Mention was made of an earlier CBM project in Sweetwater County pursued about 10
years ago by Triton Oil. Barrett Resources and River Gas have filed permits on nine
wells in the same vicinity, but as of yet none have been drilled. The Triton project was
conducted on the region defined as Townships 22 and 23 North and Range 102
Questions of the BLM follow:
A questioner asked how the BLM could condone CBM development without hard data to
rely on. First, BLM indicated they do not necessarily "condone" the proposed project.
The response was that without an exploratory project, data cannot be gathered. There is
no firm knowledge of the economic potential of the area. In addition, permission for the
work is essentially in place because, following what was done for the Buffalo Area
Resource Management Plan, the project is covered under standard oil and gas
Another questioner asked why the BLM is not conducting a statewide Environmental
Impact Statement on CBM development.

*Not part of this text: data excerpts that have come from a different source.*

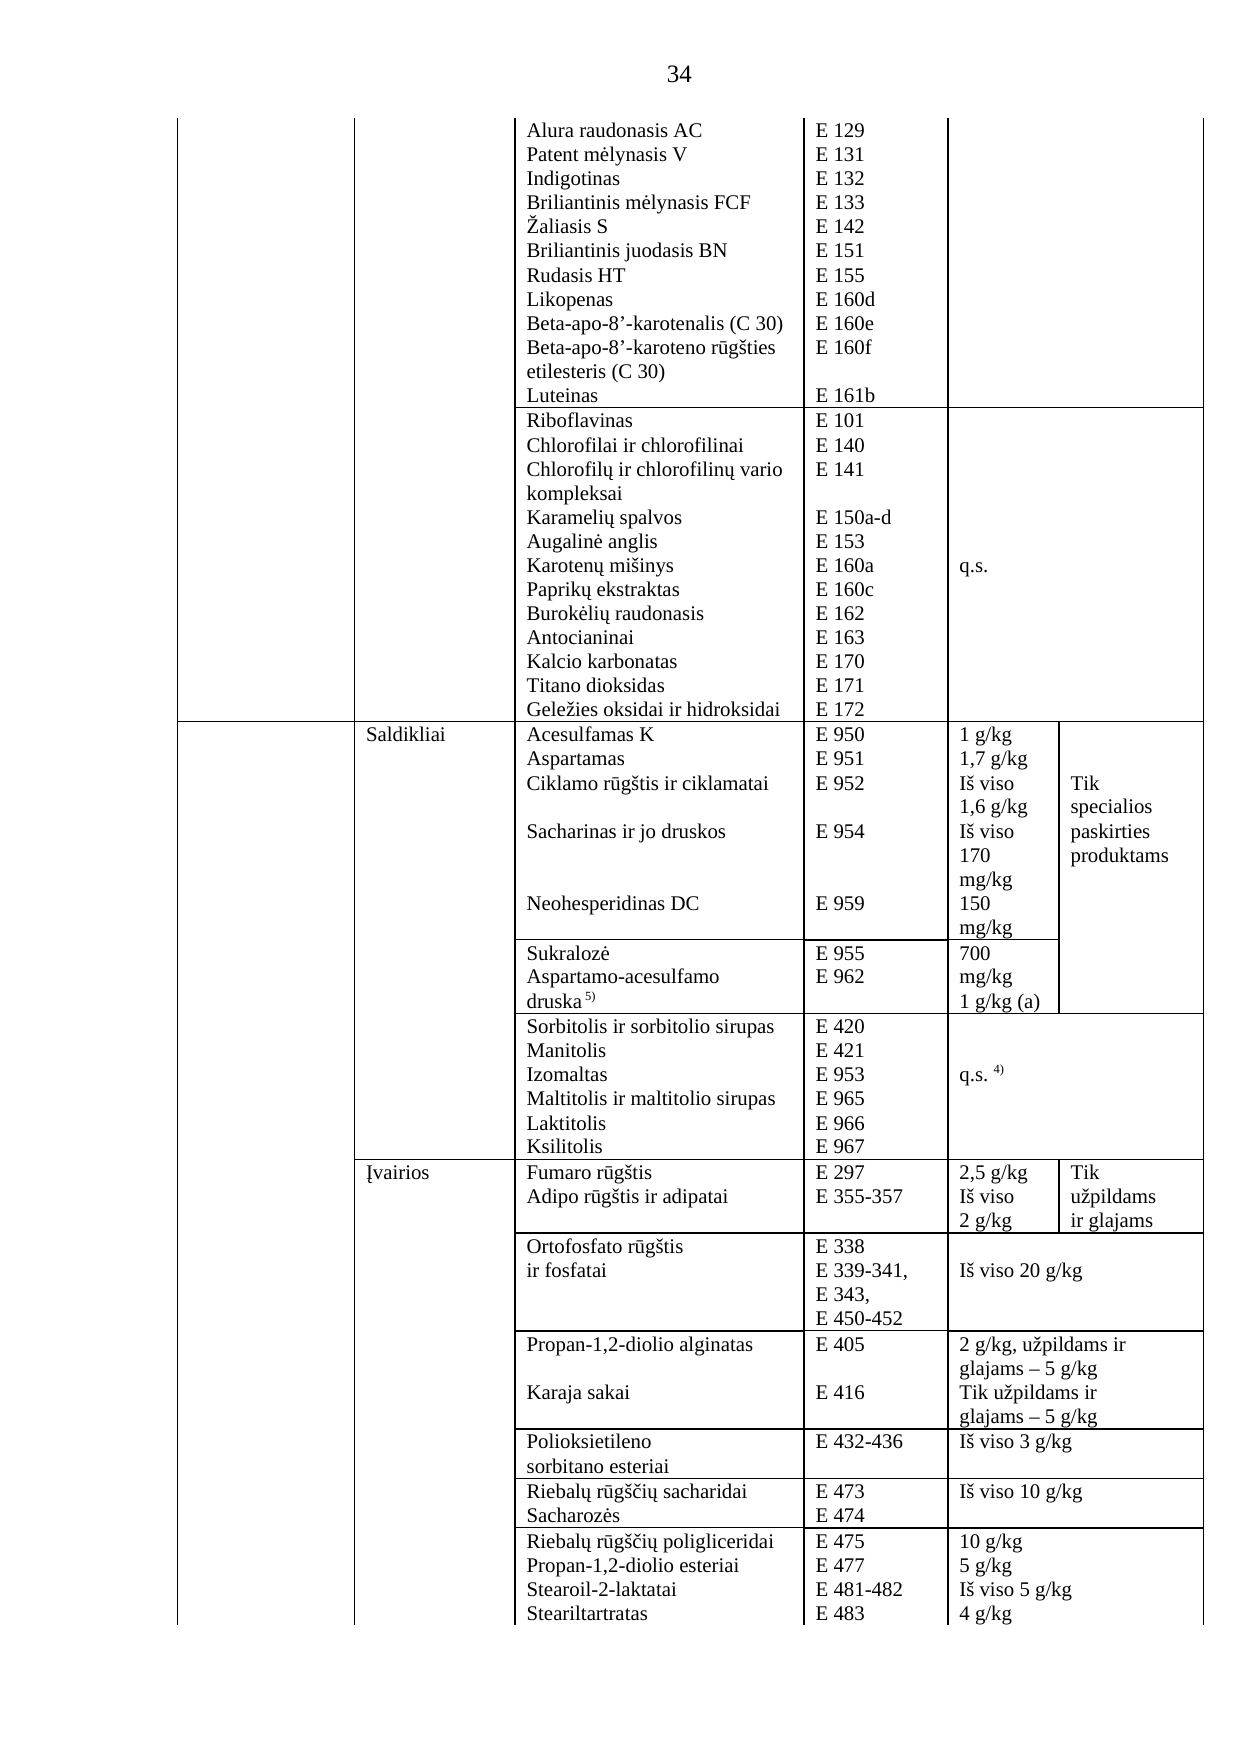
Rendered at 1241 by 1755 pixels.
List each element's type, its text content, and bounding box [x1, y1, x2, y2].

table_cell E 416 [805, 1380, 947, 1428]
table_cell Iš viso 1,6 g/kg [949, 770, 1058, 818]
table_cell Sorbitolis ir sorbitolio sirupas [516, 1014, 803, 1038]
table_cell E 966 [805, 1110, 947, 1134]
table_cell Iš viso 3 g/kg [949, 1430, 1203, 1478]
table_cell Polioksietileno sorbitano esteriai [516, 1430, 803, 1478]
table_cell [949, 190, 1203, 214]
table_cell [178, 166, 354, 190]
table_cell [178, 407, 354, 432]
table_cell [178, 1553, 354, 1577]
table_cell E 160e [805, 311, 947, 335]
table_cell Iš viso 20 g/kg [949, 1234, 1203, 1330]
table_cell [178, 649, 354, 673]
table_cell [949, 601, 1203, 625]
table_cell [949, 697, 1203, 721]
table_cell [178, 529, 354, 553]
table_cell E 950 [805, 722, 947, 746]
table_cell [949, 335, 1203, 383]
table_cell Sacharinas ir jo druskos [516, 819, 803, 891]
table_cell E 955 E 962 [805, 941, 947, 1013]
table_cell [949, 311, 1203, 335]
table_cell [355, 673, 514, 697]
table_cell [355, 190, 514, 214]
table_cell Adipo rūgštis ir adipatai [516, 1184, 803, 1232]
table_cell [178, 1159, 354, 1184]
table_cell E 153 [805, 529, 947, 553]
table_cell [355, 1428, 514, 1478]
table_cell [355, 263, 514, 287]
table_cell [178, 263, 354, 287]
table_cell Indigotinas [516, 166, 803, 190]
table_cell Įvairios [355, 1160, 514, 1184]
table_cell Aspartamas [516, 746, 803, 770]
table_cell [949, 408, 1203, 432]
table_cell [949, 529, 1203, 553]
table_cell E 477 [805, 1553, 947, 1577]
table_cell [949, 1503, 1203, 1527]
table_cell Manitolis [516, 1038, 803, 1062]
table_cell [355, 649, 514, 673]
table_cell E 954 [805, 819, 947, 891]
table_cell E 951 [805, 746, 947, 770]
table_cell [178, 1110, 354, 1134]
table_cell [178, 697, 354, 721]
table_cell [949, 287, 1203, 311]
table_cell [178, 1380, 354, 1428]
table_cell E 965 [805, 1086, 947, 1110]
table_cell Augalinė anglis [516, 529, 803, 553]
table_cell [178, 1038, 354, 1062]
table_cell Ortofosfato rūgštis ir fosfatai [516, 1234, 803, 1330]
table_cell [949, 142, 1203, 166]
table_cell [178, 1232, 354, 1330]
table_cell E 405 [805, 1331, 947, 1380]
table_cell 700 mg/kg 1 g/kg (a) [949, 940, 1058, 1013]
table_cell [949, 263, 1203, 287]
table_cell [178, 505, 354, 529]
table_cell [949, 239, 1203, 262]
table_cell E 129 [805, 118, 947, 142]
table_cell Briliantinis mėlynasis FCF [516, 190, 803, 214]
table_cell [178, 214, 354, 238]
table_cell [1060, 939, 1203, 1013]
table_cell [355, 335, 514, 383]
table_cell Fumaro rūgštis [516, 1160, 803, 1184]
table_cell [355, 118, 514, 142]
table_cell [355, 1038, 514, 1062]
table_cell Propan-1,2-diolio alginatas [516, 1332, 803, 1380]
table_cell E 475 [805, 1529, 947, 1553]
table_cell Geležies oksidai ir hidroksidai [516, 697, 803, 721]
table_cell [355, 407, 514, 432]
table_cell Iš viso 10 g/kg [949, 1479, 1203, 1503]
table_cell [355, 383, 514, 407]
table_cell [178, 1601, 354, 1625]
table_cell E 142 [805, 214, 947, 238]
table_cell [949, 649, 1203, 673]
table_cell [355, 505, 514, 529]
table_cell [178, 433, 354, 457]
table_cell Chlorofilų ir chlorofilinų vario kompleksai [516, 457, 803, 505]
table_cell [355, 1086, 514, 1110]
table_cell [355, 697, 514, 721]
table_cell [355, 577, 514, 601]
table_cell Maltitolis ir maltitolio sirupas [516, 1086, 803, 1110]
table_cell 150 mg/kg [949, 891, 1058, 939]
table_cell E 163 [805, 625, 947, 649]
table_cell Beta-apo-8’-karotenalis (C 30) [516, 311, 803, 335]
table_cell Tik [1060, 1160, 1203, 1184]
table_cell [949, 383, 1203, 407]
table_cell [178, 1577, 354, 1601]
table_cell E 297 [805, 1160, 947, 1184]
table_cell E 101 [805, 408, 947, 432]
table_cell [355, 214, 514, 238]
table_cell 1 g/kg [949, 722, 1058, 746]
table_cell [355, 601, 514, 625]
table_cell [949, 1135, 1203, 1158]
table_cell [355, 1527, 514, 1553]
table_cell E 959 [805, 891, 947, 939]
table_cell E 355-357 [805, 1184, 947, 1232]
table_cell Paprikų ekstraktas [516, 577, 803, 601]
table_cell [949, 673, 1203, 697]
table_cell paskirties produktams [1060, 819, 1203, 891]
table_cell [355, 1577, 514, 1601]
table_cell Stearoil-2-laktatai [516, 1577, 803, 1601]
table_cell Propan-1,2-diolio esteriai [516, 1553, 803, 1577]
table_cell Burokėlių raudonasis [516, 601, 803, 625]
table_cell [178, 239, 354, 262]
table_cell 4 g/kg [949, 1601, 1203, 1625]
table_cell Saldikliai [355, 722, 514, 746]
table_cell Ciklamo rūgštis ir ciklamatai [516, 770, 803, 818]
table_cell [355, 457, 514, 505]
table_cell [178, 1330, 354, 1380]
table_cell E 421 [805, 1038, 947, 1062]
table_cell [949, 214, 1203, 238]
table_cell [1060, 746, 1203, 770]
table_cell [949, 625, 1203, 649]
table_cell E 338 E 339-341, E 343, E 450-452 [805, 1234, 947, 1330]
table_cell [178, 673, 354, 697]
table_cell [178, 625, 354, 649]
table_cell E 133 [805, 190, 947, 214]
table_cell [355, 1330, 514, 1380]
table_cell E 481-482 [805, 1577, 947, 1601]
table_cell [355, 1478, 514, 1503]
table_cell Likopenas [516, 287, 803, 311]
table_cell [355, 1062, 514, 1086]
table_cell E 161b [805, 383, 947, 407]
table_cell Karamelių spalvos [516, 505, 803, 529]
table_cell Luteinas [516, 383, 803, 407]
table_cell [355, 891, 514, 939]
table_cell Izomaltas [516, 1062, 803, 1086]
table_cell [355, 819, 514, 891]
table_cell E 170 [805, 649, 947, 673]
table_cell [355, 1135, 514, 1158]
table_cell E 953 [805, 1062, 947, 1086]
table_cell [355, 166, 514, 190]
table_cell [178, 891, 354, 939]
table_cell [355, 746, 514, 770]
table_cell E 141 [805, 457, 947, 505]
table_cell Patent mėlynasis V [516, 142, 803, 166]
table_cell E 160a [805, 553, 947, 577]
table_cell Kalcio karbonatas [516, 649, 803, 673]
table_cell E 162 [805, 601, 947, 625]
table_cell Steariltartratas [516, 1601, 803, 1625]
table_cell [355, 1503, 514, 1527]
table_cell Laktitolis [516, 1110, 803, 1134]
table_cell [355, 625, 514, 649]
table_cell [178, 577, 354, 601]
table_cell [178, 1527, 354, 1553]
table_cell [355, 1013, 514, 1038]
table_cell [178, 1184, 354, 1232]
table_cell 10 g/kg [949, 1529, 1203, 1553]
table_cell [178, 1135, 354, 1158]
table_cell [949, 457, 1203, 505]
table_cell E 172 [805, 697, 947, 721]
table_cell Riebalų rūgščių sacharidai [516, 1479, 803, 1503]
table_cell E 483 [805, 1601, 947, 1625]
table_cell Riebalų rūgščių poligliceridai [516, 1528, 803, 1553]
table_cell Žaliasis S [516, 214, 803, 238]
table_cell [949, 433, 1203, 457]
table_cell [178, 311, 354, 335]
table_cell [1060, 891, 1203, 939]
table_cell E 967 [805, 1135, 947, 1158]
table_cell Riboflavinas [516, 408, 803, 432]
table_cell Iš viso 2 g/kg [949, 1184, 1058, 1232]
table_cell E 160f [805, 335, 947, 383]
table_cell Antocianinai [516, 625, 803, 649]
table_cell [949, 1086, 1203, 1110]
table_cell [355, 142, 514, 166]
table_cell q.s. 4) [949, 1062, 1203, 1086]
table_cell [949, 577, 1203, 601]
table_cell E 420 [805, 1014, 947, 1038]
table_cell Acesulfamas K [516, 722, 803, 746]
table_cell [355, 1601, 514, 1625]
table_cell Alura raudonasis AC [516, 118, 803, 142]
table_cell q.s. [949, 553, 1203, 577]
table_cell Titano dioksidas [516, 673, 803, 697]
table_cell Briliantinis juodasis BN [516, 239, 803, 262]
table_cell 5 g/kg [949, 1553, 1203, 1577]
table_cell [178, 819, 354, 891]
table_cell [355, 433, 514, 457]
table_cell E 473 [805, 1479, 947, 1503]
table_cell [178, 722, 354, 746]
table_cell E 150a-d [805, 505, 947, 529]
table_cell [178, 142, 354, 166]
table_cell E 160d [805, 287, 947, 311]
table_cell [178, 746, 354, 770]
table_cell [355, 1110, 514, 1134]
table_cell E 131 [805, 142, 947, 166]
table_cell Rudasis HT [516, 263, 803, 287]
table_cell Sacharozės [516, 1503, 803, 1527]
table_cell [355, 1184, 514, 1232]
table_cell Karotenų mišinys [516, 553, 803, 577]
table_cell [178, 939, 354, 1013]
table_cell [355, 1232, 514, 1330]
table_cell [949, 505, 1203, 529]
table_cell [949, 1110, 1203, 1134]
table_cell E 474 [805, 1503, 947, 1527]
table_cell 2,5 g/kg [949, 1160, 1058, 1184]
table_cell 2 g/kg, užpildams ir glajams – 5 g/kg [949, 1332, 1203, 1380]
table_cell E 432-436 [805, 1430, 947, 1478]
table_cell E 140 [805, 433, 947, 457]
table_cell Chlorofilai ir chlorofilinai [516, 433, 803, 457]
table_cell [178, 770, 354, 818]
table_cell [949, 118, 1203, 142]
table_cell [949, 166, 1203, 190]
table_cell E 160c [805, 577, 947, 601]
table_cell E 132 [805, 166, 947, 190]
table_cell [178, 383, 354, 407]
table_cell [178, 1503, 354, 1527]
table_cell Sukralozė Aspartamo-acesulfamo druska 5) [516, 940, 803, 1013]
table_cell Tik užpildams ir glajams – 5 g/kg [949, 1380, 1203, 1428]
table_cell [178, 1478, 354, 1503]
table_cell Iš viso 170 mg/kg [949, 819, 1058, 891]
table_cell Ksilitolis [516, 1135, 803, 1158]
table_cell Beta-apo-8’-karoteno rūgšties etilesteris (C 30) [516, 335, 803, 383]
table_cell [178, 118, 354, 142]
table_cell [355, 311, 514, 335]
table_cell [355, 553, 514, 577]
table_cell [355, 529, 514, 553]
table_cell Neohesperidinas DC [516, 891, 803, 939]
table_cell [178, 287, 354, 311]
table_cell E 151 [805, 239, 947, 262]
table_cell [949, 1038, 1203, 1062]
table_cell užpildams ir glajams [1060, 1184, 1203, 1232]
table_cell [178, 190, 354, 214]
table_cell [1060, 722, 1203, 746]
table_cell [178, 553, 354, 577]
table_cell Iš viso 5 g/kg [949, 1577, 1203, 1601]
table_cell [178, 1062, 354, 1086]
table_cell [178, 1086, 354, 1110]
table_cell [355, 939, 514, 1013]
table_cell [355, 1553, 514, 1577]
table_cell [355, 239, 514, 262]
table_cell E 952 [805, 770, 947, 818]
table_cell Tik specialios [1060, 770, 1203, 818]
table_cell [178, 457, 354, 505]
table_cell [178, 601, 354, 625]
table_cell [355, 1380, 514, 1428]
table_cell E 171 [805, 673, 947, 697]
table_cell [178, 335, 354, 383]
table_cell [355, 287, 514, 311]
table_cell [949, 1014, 1203, 1038]
table_cell E 155 [805, 263, 947, 287]
table_cell Karaja sakai [516, 1380, 803, 1428]
table_cell [178, 1428, 354, 1478]
table_cell 1,7 g/kg [949, 746, 1058, 770]
table_cell [355, 770, 514, 818]
table_cell [178, 1013, 354, 1038]

The answer indicated that, other than this
project there is not necessarily statewide interest (no proposed development in the Rock
Springs District, for example).
Origins of Wyoming's Water Law, Implications for Today
Ms. Anne MacKinnon made the final presentation. Anne's presentation dealt with the
origins of Wyoming water law. Handouts were provided that contained the essence of
her history lesson, and the writings of Elwood Mead, Wyoming's first State
Three points made by Ms. MacKinnon included:
- Mr. Mead saw the laws governing water in Wyoming as establishing a "creative
tension" between private and public interests;
- Mr. Mead also saw that our water law had to allow for the transfer of water uses in
some fashion, or else the "dead hand" of the pioneers would prevent social and economic
change with time;
- Finally, Mr. Mead seemed to want to create a system of law and administration that
provided for the overall good of the community.
Anne finished by tying together Wyoming's water law origin with implications for both
today's allocation of water and the river basin planning process. Furthermore, she
indicated that the basin advisory group must be broad based, not just water users, but
those with other interests must be brought into the fold. An on going dialogue must
continue as more people are brought into the planning Process and issues intersect.
Closing - The meeting was adjourned at 4:35 p.m.